Vitalismo desesperadoLa dulce tirana

Ignacio F. Garmendia / Manuel Gregorio González

31 de mayo 2015 - 05:00

De Boris Vian se ha dicho que ponía la poesía en sus novelas y cultivaba el prosaísmo en el verso, pero semejante juicio implica pasar por alto que los creadores totales no entienden de géneros o que los poetas verdaderos -los que no hacen del oficio un oficio, sino una forma de vida- no dejan de serlo en cualquier página. En su acelerada carrera contra la muerte, que lo alcanzaría antes de cumplir los cuarenta, Vian escribió mucho y de modo febril, como el que sabe que tiene los días contados y se lo juega todo -y además alegremente- en cada partida. Sólo publicó dos colecciones de poemas, Barnum's Digest (1948) y Cantinelas en jalea (1949), que junto a las que aparecieron póstumamente -No quisiera palmarla (1962) y Cien sonetos (1984)- y un puñado de composiciones dispersas forman el conjunto de su Poesía completa, reunida en una edición bilingüe de Renacimiento donde Juan Antonio Tello -casi quince años de dedicación a la obra de Vian, difícil como pocas de trasvasar a otra lengua- ha revisado sus anteriores traducciones, publicadas por Hiperión, e incorporado las que tenía pendientes. El volumen, ineludible, es un monumento al riesgo, la subversión y la imaginación desbocada.

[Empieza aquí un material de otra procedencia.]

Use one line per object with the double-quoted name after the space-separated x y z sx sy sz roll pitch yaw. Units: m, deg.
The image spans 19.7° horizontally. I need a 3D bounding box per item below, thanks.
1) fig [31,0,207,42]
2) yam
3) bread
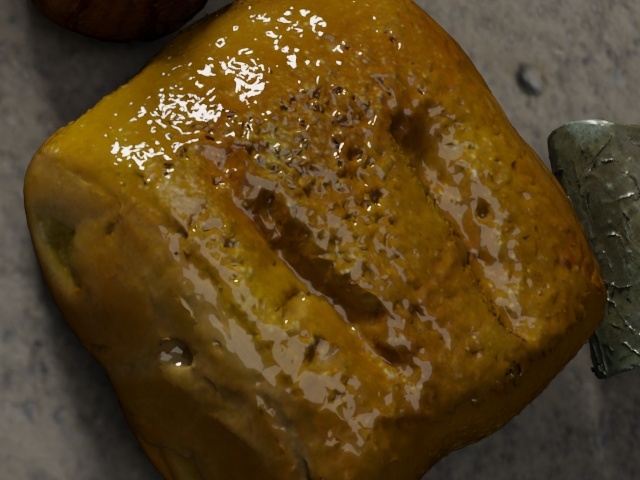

Haciéndose eco de sus afinidades expresas, Tello adscribe a Vian a un linaje lúdico, rompedor, desenfadado, libérrimo, que puede remontarse hasta Rabelais y llega hasta Jarry, padre y precursor de la Patafísica en cuyo Colegio figuraba el poeta junto a compañeros de viaje como su gran valedor y maestro Queneau o el también admirado Prévert. Luminoso y a la vez oscuro o hasta inextricable, pero siempre fresco, bienhumorado, mordaz, Vian comparte muchos de los rasgos del imaginario surrealista -aunque trazó su propio camino, demasiado celoso de su independencia para comulgar con los preceptos de cualquier ortodoxia- y el gusto por la provocación o el desvarío. Es la suya una poética transformadora que genera un mundo aparte, tiene su centro en el lenguaje y pretende agotar sus posibilidades, pero al mismo tiempo resulta indisociable del autor -"no se comprende una obra, se comprende al hombre que la ha hecho"- y reveladora de su circunstancia. Hay veras junto a las burlas que en Vian, el perseguido, hablan de la melancolía del niño enfermo, de su vitalismo desesperado.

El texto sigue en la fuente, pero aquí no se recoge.